AI cost is now part of story scope

Story points should still measure relative effort, complexity, risk, and uncertainty. They should not become a direct dollar conversion.

But if a story needs heavy agent usage, that matters. AI cost is one more sign that the story may be broader than it looks.

A small UI fix might use code completions and a short chat. A larger agent-assisted task might include:

  • Multiple repo-wide context reads.
  • Long Copilot Chat or CLI sessions.
  • Cloud agent work across branches or pull requests.
  • AI-assisted code review.
  • Repeated retries after failed tests.
  • Frontier-model usage for complex reasoning.
  • Extra validation because generated code touches risky paths.

Those activities consume budget, review time, and attention. The team should surface them before sprint commitment, not after the invoice or the incident.

The planning question is not just "can AI do it?"

The better question is: what kind of AI work does this story require?

That question belongs in backlog refinement and planning poker.

Before the team votes, ask:

  • Is this a simple coding-assistant story or an agentic workflow story?
  • Will the agent need broad repository context?
  • Will it touch billing, auth, permissions, data retention, or infrastructure?
  • Will Copilot code review be part of the definition of done?
  • How many retries or review loops are likely?
  • Is the team relying on a shared enterprise credit pool?
  • Are budget controls likely to block a developer mid-story?

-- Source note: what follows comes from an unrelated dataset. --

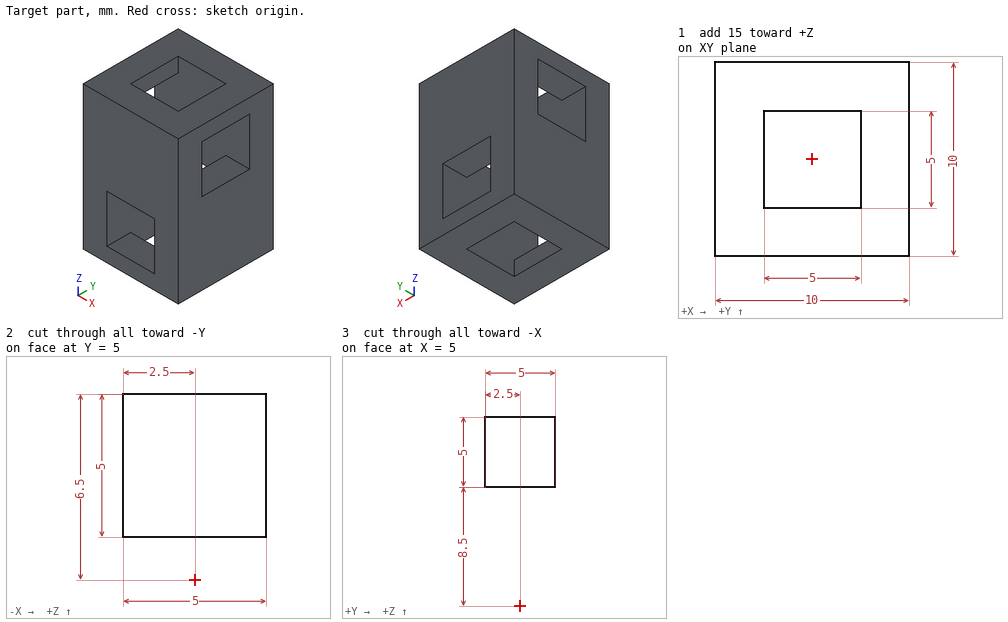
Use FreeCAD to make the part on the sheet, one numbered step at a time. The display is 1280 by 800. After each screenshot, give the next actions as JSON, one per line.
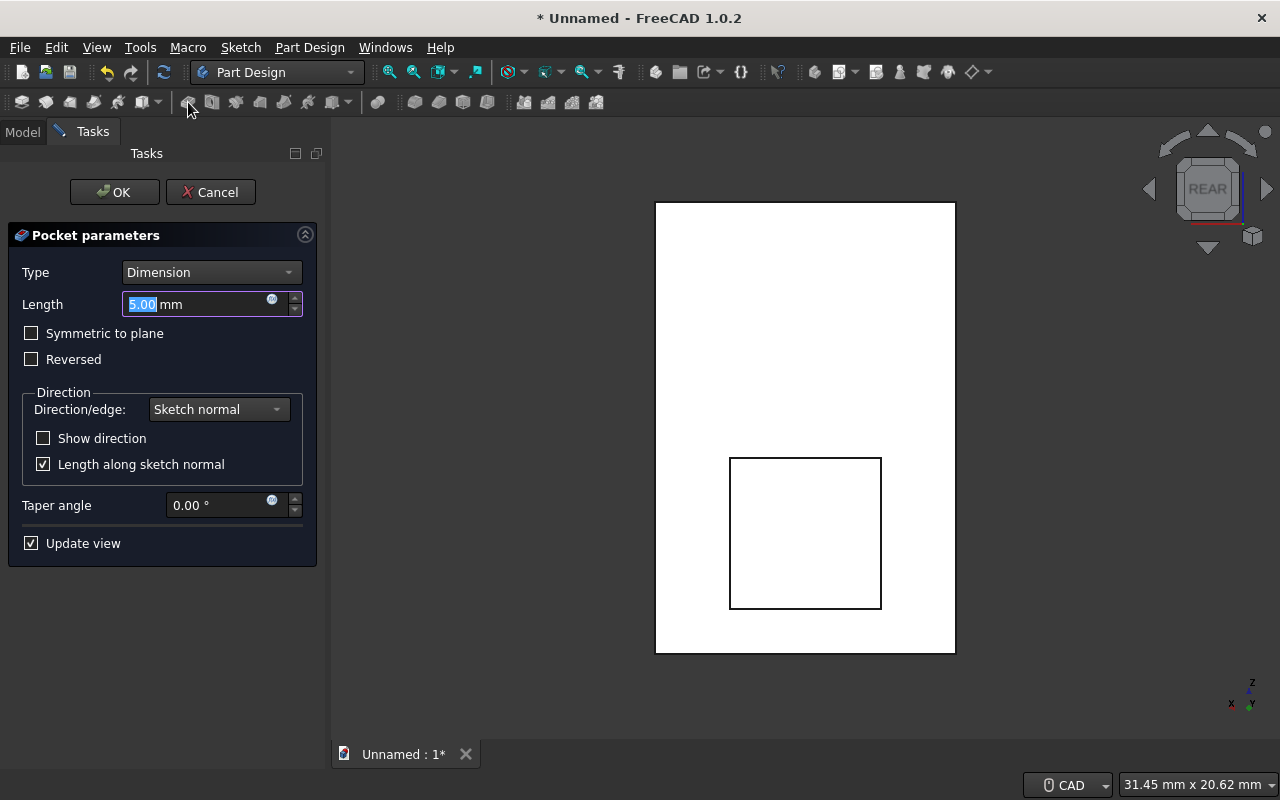
{"action": "left_click", "coordinate": [212, 272]}

If nobody knows the answers, the story is not ready for a confident estimate.

Usage-based billing makes spread more useful

Planning poker is valuable because it reveals disagreement before work starts. Copilot AI Credits give teams a new reason to pay attention to the spread.

Imagine a story where one developer votes 3 and another votes 13.

The low voter may be assuming:

  • The agent can draft most of the implementation.
  • The code path is isolated.
  • Existing tests are enough.
  • The work will use mostly completions and small chats.

The high voter may be assuming:

  • The agent will need a long multi-file session.
  • The generated code will require careful review.
  • The story will consume meaningful shared AI credits.
  • Copilot code review and Actions minutes are part of the workflow.
  • Budget caps may interrupt the work.
  • The feature touches production-sensitive logic.

That disagreement is useful. It shows that the team is not estimating the same delivery path.

Do not average the numbers too quickly. Ask each side what AI usage they assumed.

Add an AI usage assumption to the ticket

The final estimate should carry a short note about the role of AI.

Good Jira notes might say:

  • "Three points. Mostly UI work; AI use limited to completions and short chat."
  • "Five points. Agent can scaffold tests, but auth changes need human review."
  • "Eight points. Expected long repo-wide agent session plus code review and rollout checks."
  • "Split before sprint. Refactor can be agent-assisted, but billing logic needs separate review."
  • "Estimate assumes Copilot Business pool has capacity and user-level budget will not block work."

These notes are not bureaucracy. They help the next planning session, the reviewer, and the person managing AI spend understand why the team chose that estimate.

Budget controls are sprint planning inputs

GitHub's docs describe several budget controls for organizations and enterprises, including user-level budgets, cost-center budgets, enterprise budgets, and organization-level budgets. Those controls decide whether usage is served, metered, or blocked.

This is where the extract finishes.